# COSC 411: Artificial Intelligence

Instructor: Dr. Shuangquan (Peter) Wang

Email: spwang@salisbury.edu

Department of Computer Science, Salisbury University


# Module 3_ML algorithms and application

## 3. Artificial Neural Networks (ANN)


**Contents of this note are mainly from 1) Dr.Robert Michael Lewis's teaching materials at Department of Computer Science, William & Mary; and 2) https://scikit-learn.org/stable/auto_examples/classification/plot_digits_classification.html**

**<font color=red>All rights reserved.

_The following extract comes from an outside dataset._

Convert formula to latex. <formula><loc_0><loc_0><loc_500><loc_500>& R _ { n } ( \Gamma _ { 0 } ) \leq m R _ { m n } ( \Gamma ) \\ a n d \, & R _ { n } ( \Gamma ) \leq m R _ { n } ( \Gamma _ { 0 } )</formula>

Dissemination or sale of any part of this note is NOT permitted.</font>**

# Artificial neural networks

**Artificial neural networks (ANN)**, also called **multilayer perceptrons (MLP)** or neural networks, for short, are an elaboration of the perceptron we have seen previously.

ANNs are characterized by a large number of relatively simple, parallel computations being combined to approximate complex input-output relationships.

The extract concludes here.